Looking to Montrose Clark for permission and receiving it in a nod, the hand-perfected secretary replied, “Sixteen hundred dollars.”

“Scaled down to a net of about eleven hundred and fifty.”

“Yes. With discounts and rebates.”

“Wymett fooled Robson worse than I had supposed. The young fool bought on the basis of the book rates. Discounts and rebates are going to be an unpleasant surprise to him.”

“All of which will make him the easier to handle.”

“Maybe.
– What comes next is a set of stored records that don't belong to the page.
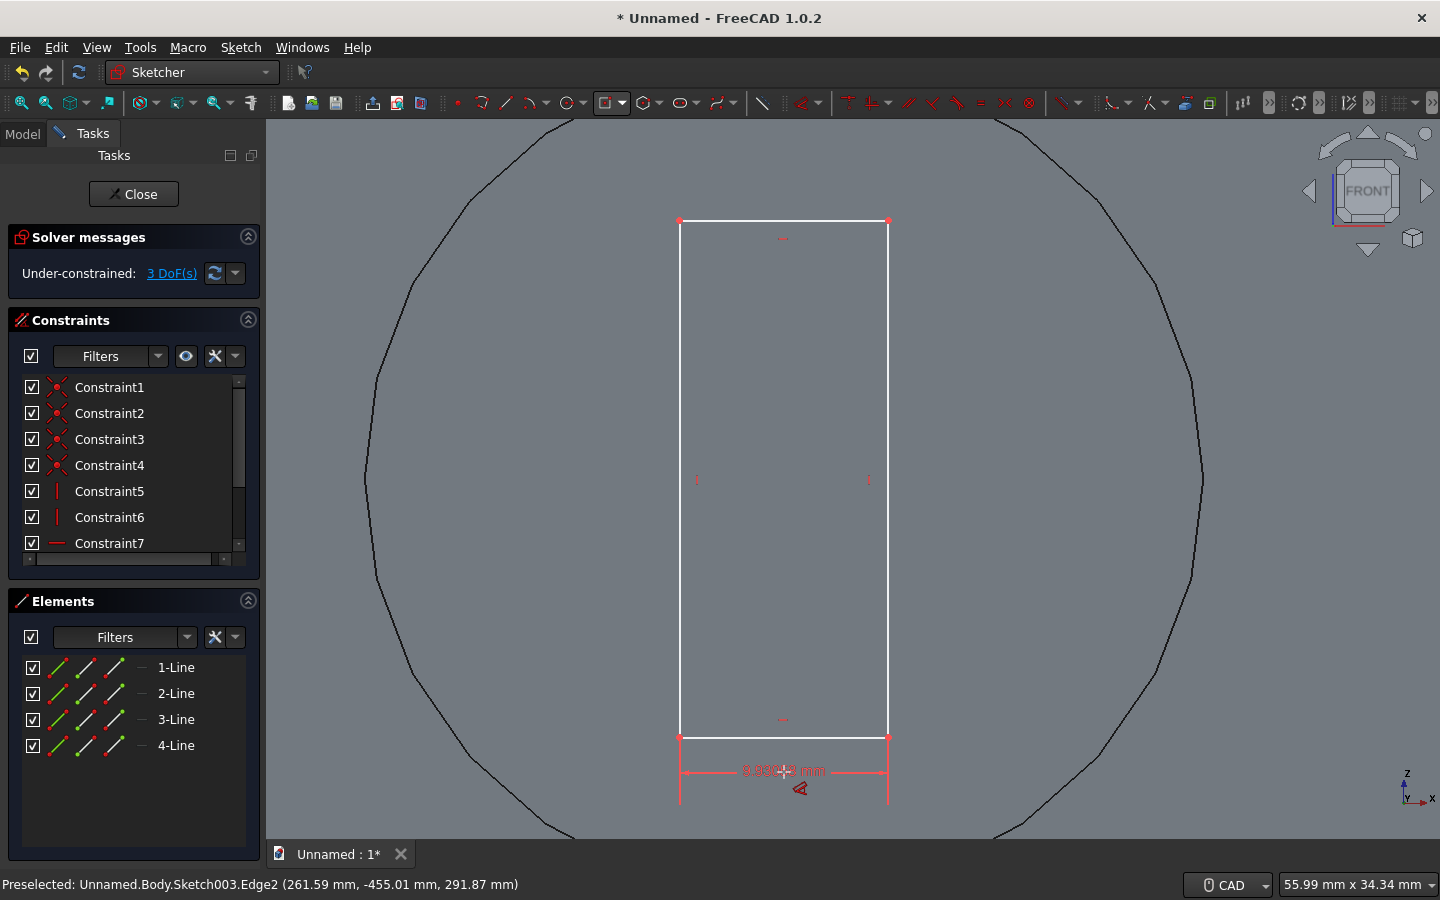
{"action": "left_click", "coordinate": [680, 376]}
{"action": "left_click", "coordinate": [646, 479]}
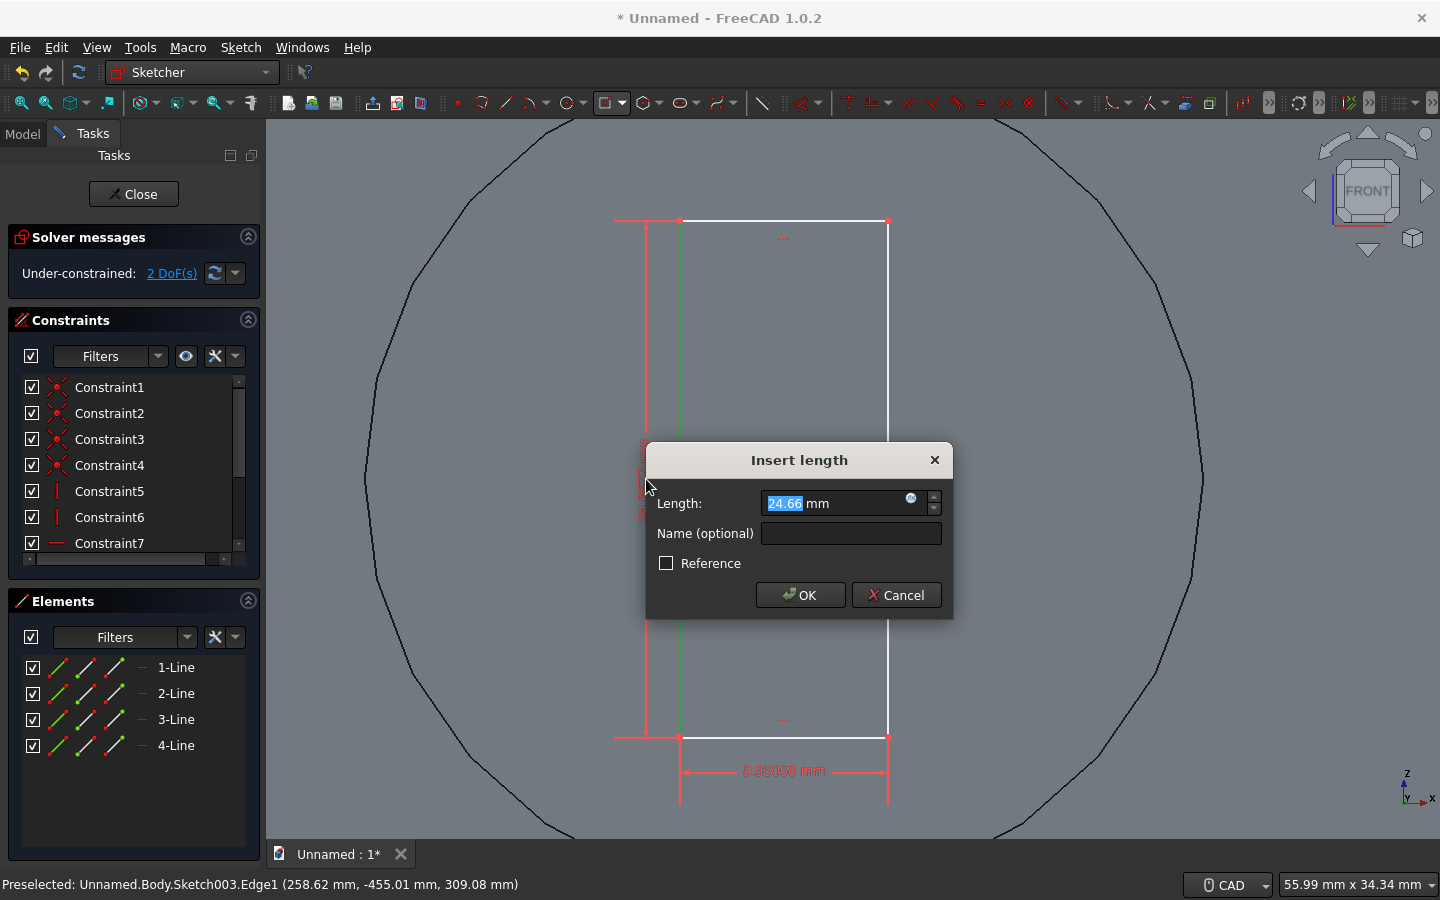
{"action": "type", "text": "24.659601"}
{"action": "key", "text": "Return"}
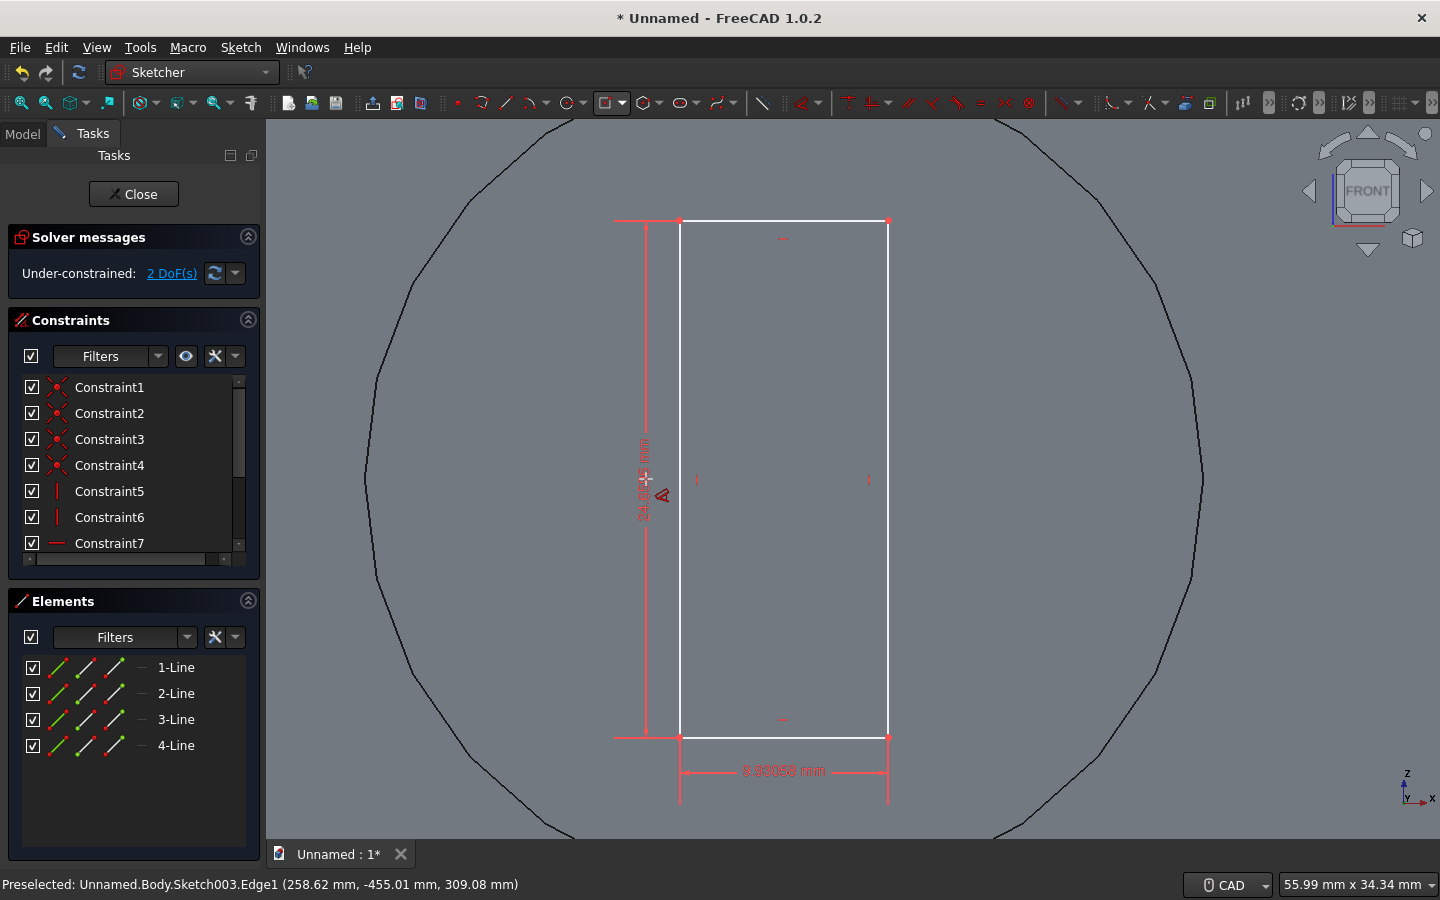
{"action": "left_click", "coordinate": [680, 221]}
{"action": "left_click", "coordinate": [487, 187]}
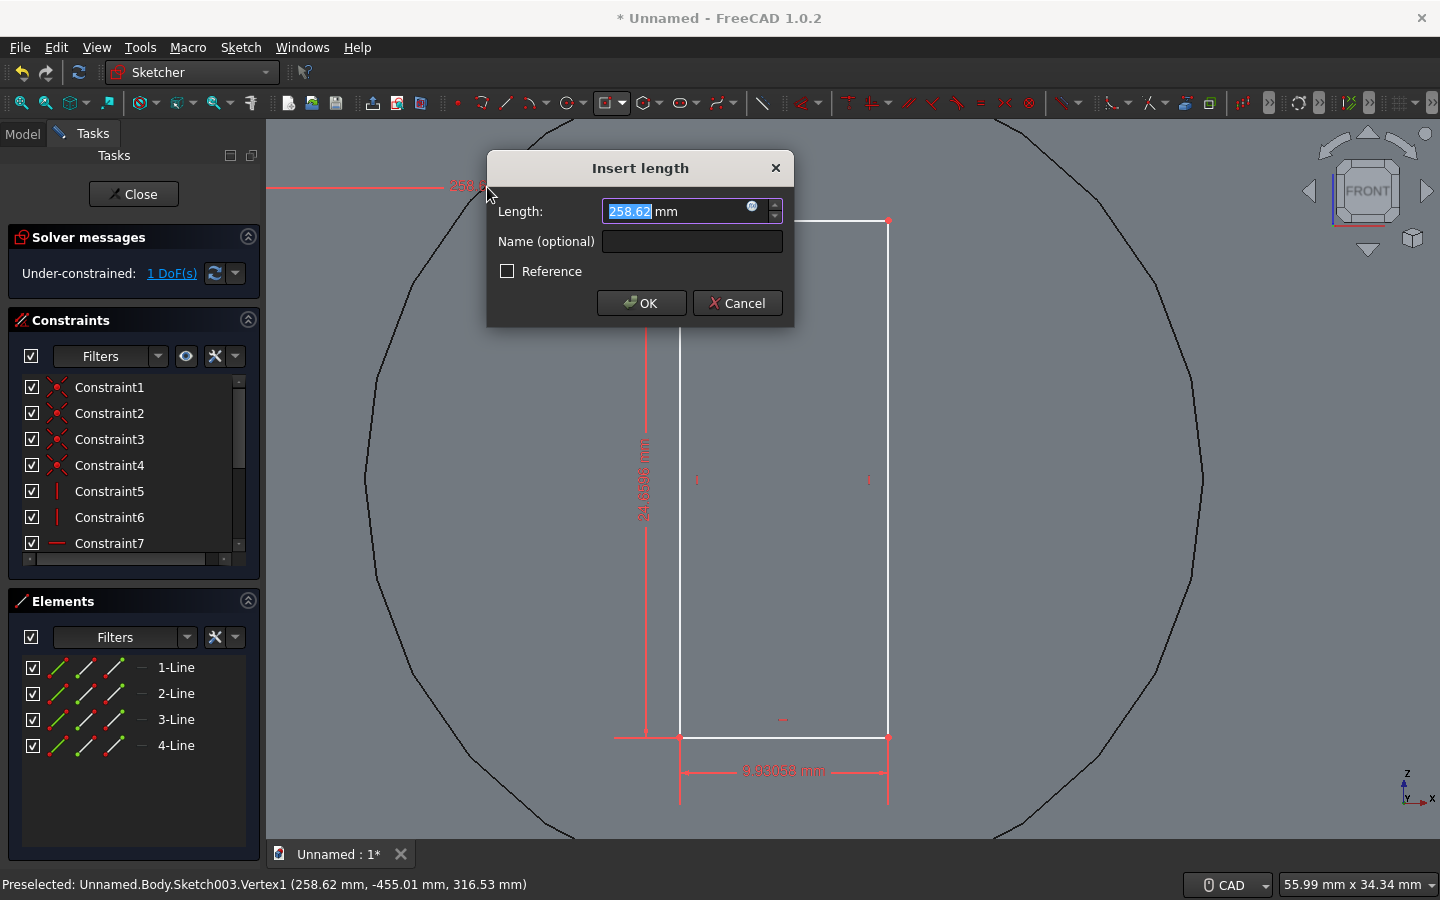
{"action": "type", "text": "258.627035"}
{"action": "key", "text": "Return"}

With gloves.”

“It is not my habit,” said the local potentate austerely, “to concern myself deeply with other people’s over-sensitiveness, when it is a matter of business.”

“Go easy with him,” insisted the other. “He’s got a temper. There’s a kind of a you-be-damned-ness about him. He’s a little puffed up with his new sense of power, and we’ve got to allow for that.”

“Sense of power?” The magnate looked puzzled for the moment. “Oh, you mean his paper!” He laughed. “All right, Dana. I’ll be tactful with him. But of course I shan’t tolerate any nonsense.”

The retort, “I doubt if he will, either,” was on the tip of the lawyer’s tongue. He suppressed it. It would only have irritated Montrose Clark’s vanity which, under friction, was prone to develop prickly heat.

Let him find out for himself how to handle human nettles if he could n’t take cannier men’s advice!